Once the line containing "Next object: the person (262,795,324,944)." is found in the records below, return it and each following line exactly, up to and including the line containing "#23 rack frame [594,504,680,538]", and nothing else.

--*--

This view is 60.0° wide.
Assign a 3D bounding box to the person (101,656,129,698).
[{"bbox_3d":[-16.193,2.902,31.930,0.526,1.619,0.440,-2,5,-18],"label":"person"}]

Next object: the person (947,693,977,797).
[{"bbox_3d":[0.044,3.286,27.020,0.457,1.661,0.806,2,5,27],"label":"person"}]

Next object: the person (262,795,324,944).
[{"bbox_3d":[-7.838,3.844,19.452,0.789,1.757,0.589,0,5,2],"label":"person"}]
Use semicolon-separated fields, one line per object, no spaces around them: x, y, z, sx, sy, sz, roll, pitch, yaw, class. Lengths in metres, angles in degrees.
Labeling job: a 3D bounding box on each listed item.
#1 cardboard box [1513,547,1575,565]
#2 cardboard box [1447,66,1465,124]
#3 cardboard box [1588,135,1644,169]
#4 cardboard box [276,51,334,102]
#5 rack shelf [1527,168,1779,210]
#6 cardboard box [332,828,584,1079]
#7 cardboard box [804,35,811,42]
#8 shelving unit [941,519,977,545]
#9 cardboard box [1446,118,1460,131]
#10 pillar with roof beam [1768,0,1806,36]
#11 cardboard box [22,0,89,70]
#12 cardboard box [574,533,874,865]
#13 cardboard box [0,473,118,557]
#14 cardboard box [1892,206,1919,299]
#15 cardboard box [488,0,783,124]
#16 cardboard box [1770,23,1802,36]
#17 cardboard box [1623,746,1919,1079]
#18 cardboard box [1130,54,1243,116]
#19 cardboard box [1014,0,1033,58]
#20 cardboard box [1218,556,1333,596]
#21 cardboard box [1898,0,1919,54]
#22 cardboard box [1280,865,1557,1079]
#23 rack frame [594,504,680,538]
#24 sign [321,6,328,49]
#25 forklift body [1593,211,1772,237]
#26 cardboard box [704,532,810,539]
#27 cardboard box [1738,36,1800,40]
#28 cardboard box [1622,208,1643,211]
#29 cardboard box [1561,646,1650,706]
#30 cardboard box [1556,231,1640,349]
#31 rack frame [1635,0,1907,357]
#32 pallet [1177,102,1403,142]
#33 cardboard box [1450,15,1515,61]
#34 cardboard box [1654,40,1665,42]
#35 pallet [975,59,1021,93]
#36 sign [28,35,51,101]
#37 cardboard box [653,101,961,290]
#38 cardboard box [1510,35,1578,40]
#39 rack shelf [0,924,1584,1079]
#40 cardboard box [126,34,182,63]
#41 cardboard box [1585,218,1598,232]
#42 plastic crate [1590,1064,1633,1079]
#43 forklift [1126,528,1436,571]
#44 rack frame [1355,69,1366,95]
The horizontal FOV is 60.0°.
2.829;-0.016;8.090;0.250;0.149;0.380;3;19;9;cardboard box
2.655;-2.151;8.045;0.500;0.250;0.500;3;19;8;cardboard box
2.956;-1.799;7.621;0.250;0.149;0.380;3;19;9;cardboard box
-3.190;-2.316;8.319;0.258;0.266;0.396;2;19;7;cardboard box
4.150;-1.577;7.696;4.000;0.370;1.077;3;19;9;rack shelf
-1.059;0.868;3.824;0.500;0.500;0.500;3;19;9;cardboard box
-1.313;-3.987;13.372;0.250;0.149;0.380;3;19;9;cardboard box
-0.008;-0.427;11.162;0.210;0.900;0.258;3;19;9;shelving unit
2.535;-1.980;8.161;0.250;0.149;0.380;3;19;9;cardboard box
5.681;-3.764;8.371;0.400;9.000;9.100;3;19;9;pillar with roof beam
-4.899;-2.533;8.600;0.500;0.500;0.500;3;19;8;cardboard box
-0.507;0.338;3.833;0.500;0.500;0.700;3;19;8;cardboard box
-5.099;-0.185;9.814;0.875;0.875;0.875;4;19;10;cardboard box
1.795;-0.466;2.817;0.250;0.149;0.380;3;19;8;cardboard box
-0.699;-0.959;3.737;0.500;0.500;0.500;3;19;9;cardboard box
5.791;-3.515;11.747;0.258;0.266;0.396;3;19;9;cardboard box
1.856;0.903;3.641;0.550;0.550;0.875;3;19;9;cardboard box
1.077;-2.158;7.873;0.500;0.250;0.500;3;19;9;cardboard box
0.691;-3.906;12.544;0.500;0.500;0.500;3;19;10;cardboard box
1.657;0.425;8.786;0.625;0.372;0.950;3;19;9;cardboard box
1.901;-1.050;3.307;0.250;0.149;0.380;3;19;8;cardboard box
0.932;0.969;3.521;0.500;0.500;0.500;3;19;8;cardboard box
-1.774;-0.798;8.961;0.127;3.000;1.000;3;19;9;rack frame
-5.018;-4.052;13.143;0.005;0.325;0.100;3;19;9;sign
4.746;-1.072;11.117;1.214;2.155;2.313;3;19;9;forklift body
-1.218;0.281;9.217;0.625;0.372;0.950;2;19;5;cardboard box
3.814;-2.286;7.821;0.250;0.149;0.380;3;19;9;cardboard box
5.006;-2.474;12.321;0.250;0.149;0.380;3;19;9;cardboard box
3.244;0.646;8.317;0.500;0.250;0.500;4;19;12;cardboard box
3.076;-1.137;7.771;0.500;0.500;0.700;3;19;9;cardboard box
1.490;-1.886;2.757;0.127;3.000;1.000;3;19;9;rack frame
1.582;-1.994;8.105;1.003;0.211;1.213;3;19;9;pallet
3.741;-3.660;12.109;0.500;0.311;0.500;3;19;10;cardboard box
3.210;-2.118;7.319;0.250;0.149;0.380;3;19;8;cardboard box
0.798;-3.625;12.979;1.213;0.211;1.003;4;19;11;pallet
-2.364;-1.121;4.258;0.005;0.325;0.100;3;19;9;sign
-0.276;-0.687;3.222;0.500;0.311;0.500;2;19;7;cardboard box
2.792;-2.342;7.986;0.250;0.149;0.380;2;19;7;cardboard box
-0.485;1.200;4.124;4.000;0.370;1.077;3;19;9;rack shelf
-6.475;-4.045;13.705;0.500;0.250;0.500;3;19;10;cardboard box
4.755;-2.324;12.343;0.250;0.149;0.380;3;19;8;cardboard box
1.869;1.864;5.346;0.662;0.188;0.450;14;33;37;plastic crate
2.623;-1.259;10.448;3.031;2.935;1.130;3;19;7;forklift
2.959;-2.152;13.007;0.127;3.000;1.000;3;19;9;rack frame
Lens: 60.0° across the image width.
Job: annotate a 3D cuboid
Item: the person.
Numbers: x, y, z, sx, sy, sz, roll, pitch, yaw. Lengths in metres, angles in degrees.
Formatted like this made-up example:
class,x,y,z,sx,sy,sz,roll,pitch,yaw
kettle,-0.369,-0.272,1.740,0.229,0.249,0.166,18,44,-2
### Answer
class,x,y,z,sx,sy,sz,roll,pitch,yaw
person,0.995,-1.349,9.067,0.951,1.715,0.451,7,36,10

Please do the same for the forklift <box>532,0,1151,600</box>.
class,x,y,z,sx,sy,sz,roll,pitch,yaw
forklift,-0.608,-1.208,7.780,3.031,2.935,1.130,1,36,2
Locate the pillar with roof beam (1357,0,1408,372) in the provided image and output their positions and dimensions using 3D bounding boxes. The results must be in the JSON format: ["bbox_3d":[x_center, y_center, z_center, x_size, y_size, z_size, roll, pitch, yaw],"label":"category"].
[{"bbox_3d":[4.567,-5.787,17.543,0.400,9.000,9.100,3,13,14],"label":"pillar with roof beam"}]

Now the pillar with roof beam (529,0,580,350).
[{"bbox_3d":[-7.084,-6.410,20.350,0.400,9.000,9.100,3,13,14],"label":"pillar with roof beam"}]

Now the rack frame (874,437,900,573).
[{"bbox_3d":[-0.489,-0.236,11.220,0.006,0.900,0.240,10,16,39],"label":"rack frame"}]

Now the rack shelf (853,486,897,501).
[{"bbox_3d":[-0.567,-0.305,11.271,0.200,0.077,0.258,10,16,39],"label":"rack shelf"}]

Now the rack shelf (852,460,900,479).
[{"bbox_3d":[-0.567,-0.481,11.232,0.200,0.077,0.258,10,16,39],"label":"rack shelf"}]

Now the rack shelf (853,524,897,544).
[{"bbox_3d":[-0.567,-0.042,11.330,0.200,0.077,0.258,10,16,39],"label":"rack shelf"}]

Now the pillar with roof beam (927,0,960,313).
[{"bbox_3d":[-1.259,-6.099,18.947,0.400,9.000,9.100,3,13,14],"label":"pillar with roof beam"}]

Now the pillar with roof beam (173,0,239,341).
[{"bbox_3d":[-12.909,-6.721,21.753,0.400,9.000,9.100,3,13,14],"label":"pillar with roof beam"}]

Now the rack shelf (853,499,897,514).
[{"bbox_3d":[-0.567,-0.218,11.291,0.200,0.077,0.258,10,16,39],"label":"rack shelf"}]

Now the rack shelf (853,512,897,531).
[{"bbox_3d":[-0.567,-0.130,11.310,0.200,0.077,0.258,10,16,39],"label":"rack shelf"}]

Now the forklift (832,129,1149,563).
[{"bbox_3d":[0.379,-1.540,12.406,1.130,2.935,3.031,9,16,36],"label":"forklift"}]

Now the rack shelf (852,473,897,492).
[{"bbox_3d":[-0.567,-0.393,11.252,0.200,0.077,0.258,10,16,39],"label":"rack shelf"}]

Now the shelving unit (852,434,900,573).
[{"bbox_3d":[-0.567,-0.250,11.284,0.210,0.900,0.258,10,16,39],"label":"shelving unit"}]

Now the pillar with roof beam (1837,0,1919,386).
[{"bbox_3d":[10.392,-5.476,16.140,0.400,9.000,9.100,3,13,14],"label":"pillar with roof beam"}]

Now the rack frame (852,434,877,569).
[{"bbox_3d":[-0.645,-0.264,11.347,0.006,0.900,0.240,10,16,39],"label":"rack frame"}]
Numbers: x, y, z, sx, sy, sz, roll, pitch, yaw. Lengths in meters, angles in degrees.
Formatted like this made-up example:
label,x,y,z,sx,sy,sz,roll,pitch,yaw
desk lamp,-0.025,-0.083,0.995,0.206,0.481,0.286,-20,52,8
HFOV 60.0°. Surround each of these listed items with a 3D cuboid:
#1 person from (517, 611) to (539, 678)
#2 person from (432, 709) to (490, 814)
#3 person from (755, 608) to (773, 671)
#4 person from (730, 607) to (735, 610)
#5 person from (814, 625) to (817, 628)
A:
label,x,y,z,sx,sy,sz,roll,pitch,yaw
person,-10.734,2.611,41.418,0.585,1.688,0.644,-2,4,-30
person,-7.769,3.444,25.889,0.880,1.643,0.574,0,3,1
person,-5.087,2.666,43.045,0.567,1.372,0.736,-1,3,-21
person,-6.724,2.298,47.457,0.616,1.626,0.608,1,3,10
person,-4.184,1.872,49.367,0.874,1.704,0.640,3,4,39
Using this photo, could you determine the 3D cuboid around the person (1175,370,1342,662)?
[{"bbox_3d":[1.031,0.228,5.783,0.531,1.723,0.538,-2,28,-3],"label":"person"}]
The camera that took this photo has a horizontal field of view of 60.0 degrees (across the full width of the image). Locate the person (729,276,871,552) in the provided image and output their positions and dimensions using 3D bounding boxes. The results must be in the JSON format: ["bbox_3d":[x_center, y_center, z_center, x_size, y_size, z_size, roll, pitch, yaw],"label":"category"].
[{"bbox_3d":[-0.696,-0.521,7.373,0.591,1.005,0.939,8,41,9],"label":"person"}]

--*--

# Answer below
Next object: the person (262,795,324,944).
[{"bbox_3d":[-7.838,3.844,19.452,0.789,1.757,0.589,0,5,2],"label":"person"}]
Use semicolon-separated fields, one line per object, no spaces around them: x, y, z, sx, sy, sz, roll, pitch, yaw, class. Lengths in metres, angles in degrees.
Labeling job: a 3D bounding box on each listed item.
#1 cardboard box [1513,547,1575,565]
#2 cardboard box [1447,66,1465,124]
#3 cardboard box [1588,135,1644,169]
#4 cardboard box [276,51,334,102]
#5 rack shelf [1527,168,1779,210]
#6 cardboard box [332,828,584,1079]
#7 cardboard box [804,35,811,42]
#8 shelving unit [941,519,977,545]
#9 cardboard box [1446,118,1460,131]
#10 pillar with roof beam [1768,0,1806,36]
#11 cardboard box [22,0,89,70]
#12 cardboard box [574,533,874,865]
#13 cardboard box [0,473,118,557]
#14 cardboard box [1892,206,1919,299]
#15 cardboard box [488,0,783,124]
#16 cardboard box [1770,23,1802,36]
#17 cardboard box [1623,746,1919,1079]
#18 cardboard box [1130,54,1243,116]
#19 cardboard box [1014,0,1033,58]
#20 cardboard box [1218,556,1333,596]
#21 cardboard box [1898,0,1919,54]
#22 cardboard box [1280,865,1557,1079]
#23 rack frame [594,504,680,538]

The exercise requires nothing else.